Alternatively, if you prefer "library" type (reading and writing) research, use Google Scholar to look up and describe everything you can find out about automated galaxy classification that has been published in the last 2 calendar years. (For example, if it's now 2018, then click "since 2017" on the left-hand side toolbar in Google Scholar and see what you can find.) There is no set number of words or pages, but you should describe all relevant work that has happened in automated galaxy classification in the designated time period, devoting at least one paragraph to each paper you find.

Extra work for those who already have a degree: Tell me about your astronomy and/or physics background.
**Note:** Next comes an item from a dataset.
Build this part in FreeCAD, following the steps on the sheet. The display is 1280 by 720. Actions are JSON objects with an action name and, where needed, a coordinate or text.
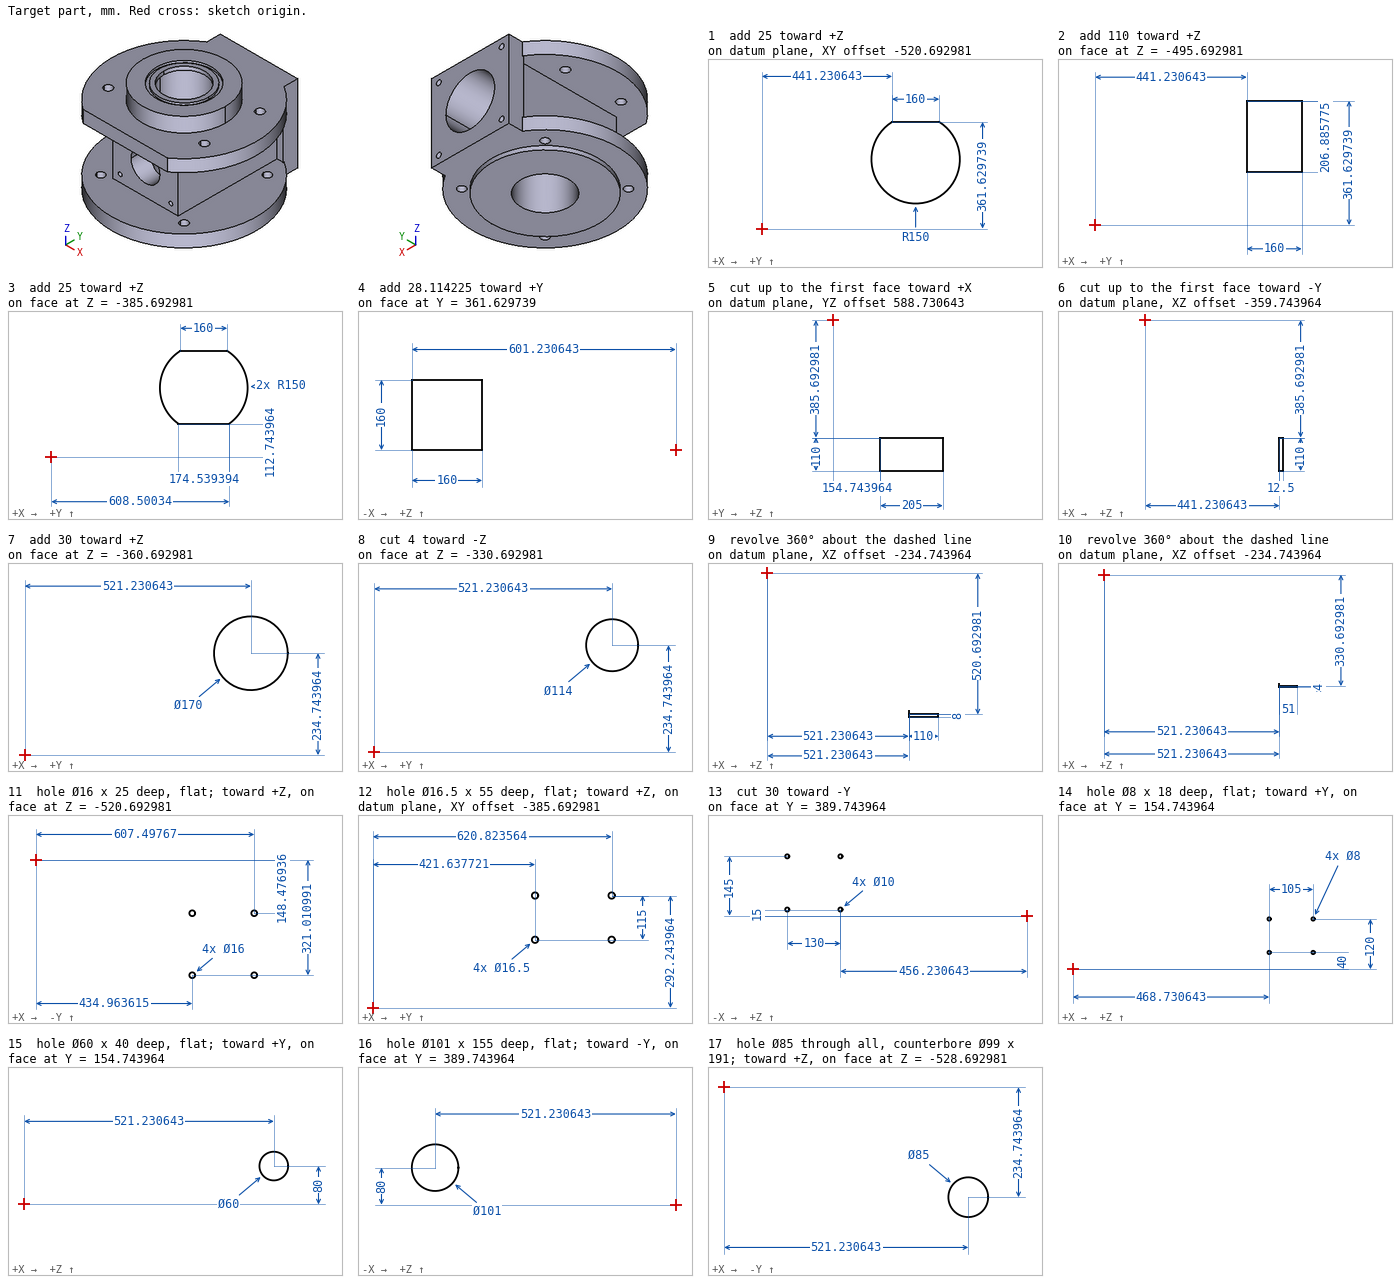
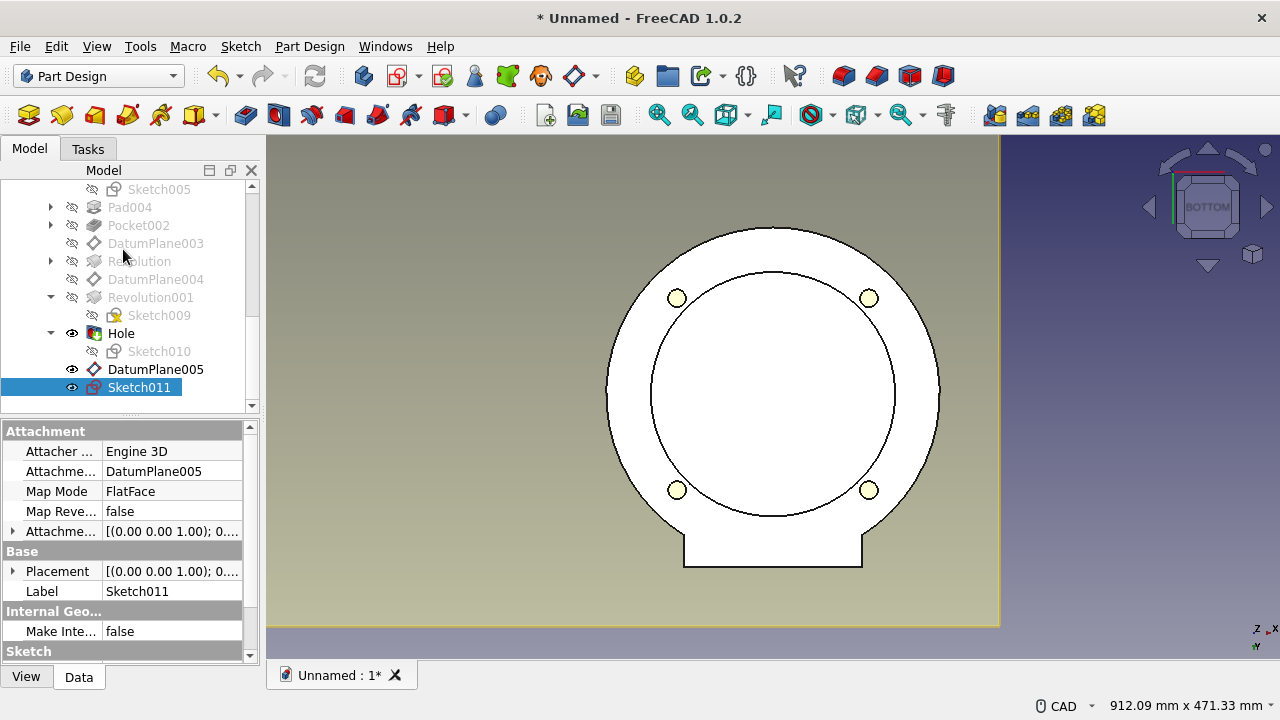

Project: Non-standard ("weird") Machine Learning, theory and scientific applications

We are pursuing two different aspects of machine learning. (1) Applying traditional, maintsream ML to scientific problems, and (2) developing entirely new, non-traditional ML methods. The former are mostly applied to astronomy applications, and the latter won't teach you anything about what is normally called AI/ML. So if you want to what everybody means when they say AI/ML... this probably in't for you, because I don't do what everybody else means when they say AI/ML. See here for the challenge; also specify which type of research you're interested in. If it's the application side, you'll also need to specify which of the problems above you're interested in applying it to.